### Try it:
Copy word for word, and only, the lines below from the one with "Return a JSON" through the last.

### Data block:
┄┄┄┄┄┄┄┄┄┄

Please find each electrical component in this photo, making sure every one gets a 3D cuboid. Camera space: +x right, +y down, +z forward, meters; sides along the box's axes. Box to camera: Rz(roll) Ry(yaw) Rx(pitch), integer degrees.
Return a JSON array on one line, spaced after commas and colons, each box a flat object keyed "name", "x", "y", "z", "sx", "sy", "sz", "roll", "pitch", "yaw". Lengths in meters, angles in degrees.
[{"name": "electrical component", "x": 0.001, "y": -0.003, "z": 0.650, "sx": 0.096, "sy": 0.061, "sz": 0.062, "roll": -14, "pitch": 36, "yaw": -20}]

┄┄┄┄┄┄┄┄┄┄

### Reply to the exercise:
Return a JSON array on one line, spaced after commas and colons, each box a flat object keyed "name", "x", "y", "z", "sx", "sy", "sz", "roll", "pitch", "yaw". Lengths in meters, angles in degrees.
[{"name": "electrical component", "x": 0.001, "y": -0.003, "z": 0.650, "sx": 0.096, "sy": 0.061, "sz": 0.062, "roll": -14, "pitch": 36, "yaw": -20}]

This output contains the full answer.